World's Best Specialized Hospitals 2024 (Newsweek)



神奈川県立こども医療センター(KCMC)は世界でも類をみない特定の大学との連携のない地域行政区の公立病院の小児病院です。このブログ記事の下記に残した様々な国の小児病院の先生と交流していると大学との連携なく、どうやって難病医療、高度医療の導入や研究開発をしている?と驚かれることがあります。

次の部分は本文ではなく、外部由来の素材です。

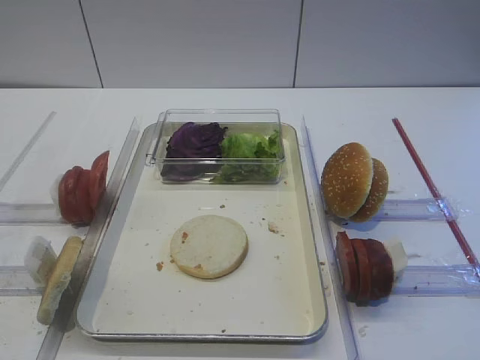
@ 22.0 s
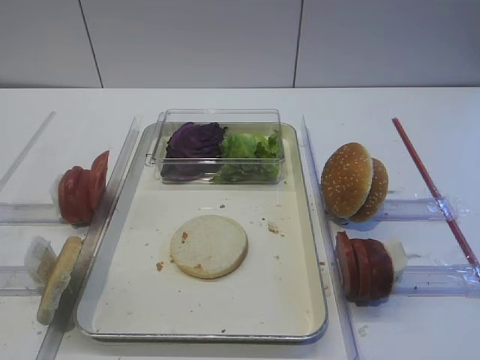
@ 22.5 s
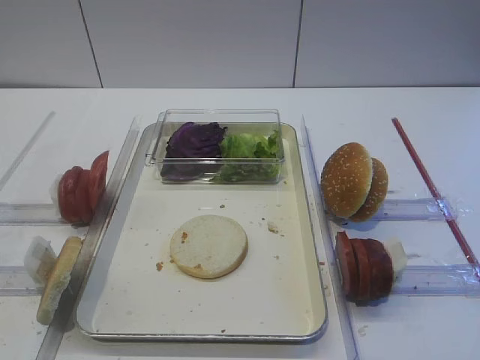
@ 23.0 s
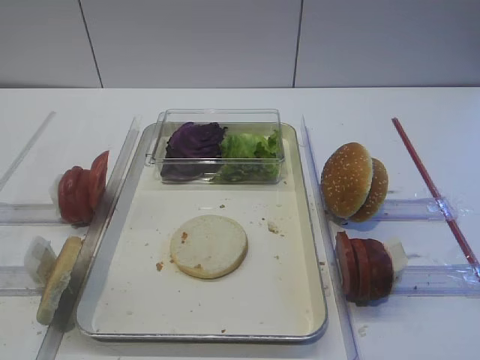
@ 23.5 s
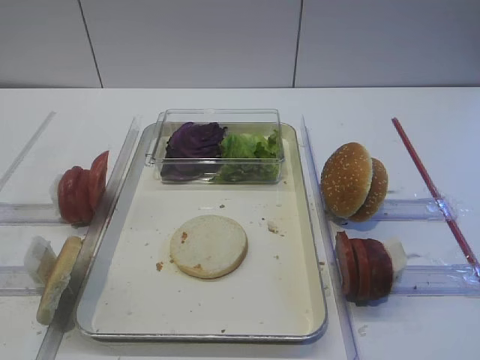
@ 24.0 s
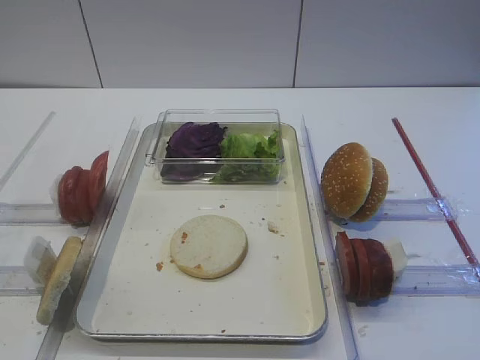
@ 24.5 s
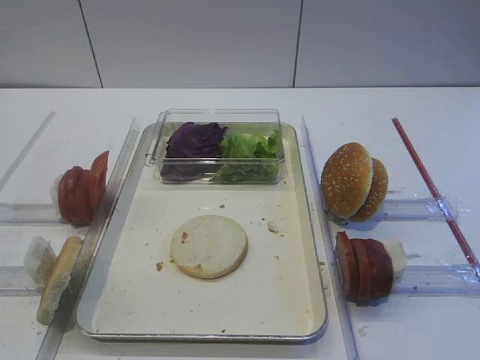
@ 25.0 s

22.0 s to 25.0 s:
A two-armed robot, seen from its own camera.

海外留学したことがないスタッフがほとんどなガラパゴス的小児病院かもしれません。でも、人口の割に病院が少ない神奈川県で沢山の子供達の診療の中から経験を積み重ね、自分達ができる小児専門医療を演繹的に続けてきたオリジナリティーに注目をもらう小児病院と思えます。


独自の視点を持って、ブルーオーシャン的な他の病院がしていないことを地道に挑戦し続けてきた、その医療を海外の小児医療者が注目してくださることは、世界の子供達をよりよく救うことのヒントになれたら嬉しくも思えます。


早産・病気・医療的ケア・様々な障害と共に生きる赤ちゃんとご家族を応援するためには高度医療なことだけでも不十分にも感じ、子供達の心身の成長や地域生活を応援する様々なこどもたちのための医療、福祉・教育・研究に関わる多職種が勤務している小児病院の存在に気づいてくれて評価してくれた人達がいることに感謝でした。


小児病院の医療は通われる子供達、ご家族が

いてこそ続きます。信頼関係がなければできない医療も

たくさんあるように感じています。


毎日600名を超える外来に通われている

子供達とご家族、医療的ケアとともに在宅医療と共に生活される子供達とご家族、NICU、小児病棟、肢体施設、重心施設、こころの病棟など450床に入院されているお子さん達とご家族と共に向き合っている小児医療だと思うので子供達や患者家族の

皆様にこういう評価が相応しくないと思われる

KCMCになりたくない、共に喜び合えるKCMCで

これからもいられたらとスタッフの一人として思えていました。


 ただでさえ、なり手不足の小児医療で、待遇や労働環境がいいとは言えない昼夜を問わず忙しい小児病院で働いてきた過去・現在の職員一人一人の頑張りに感謝し合いたいし、スタッフの頑張りに気遣いながら通い続けている患者さん、患者家族の皆様の声が評価となっていると思えて感謝でした。若手もベテランも、医療スタッフも事務系職員も、ボランティアさん達もそれぞれ一人一人の力があってこそ医療は成り立つ、一人一人がそのことを気づき合えたらと思えます。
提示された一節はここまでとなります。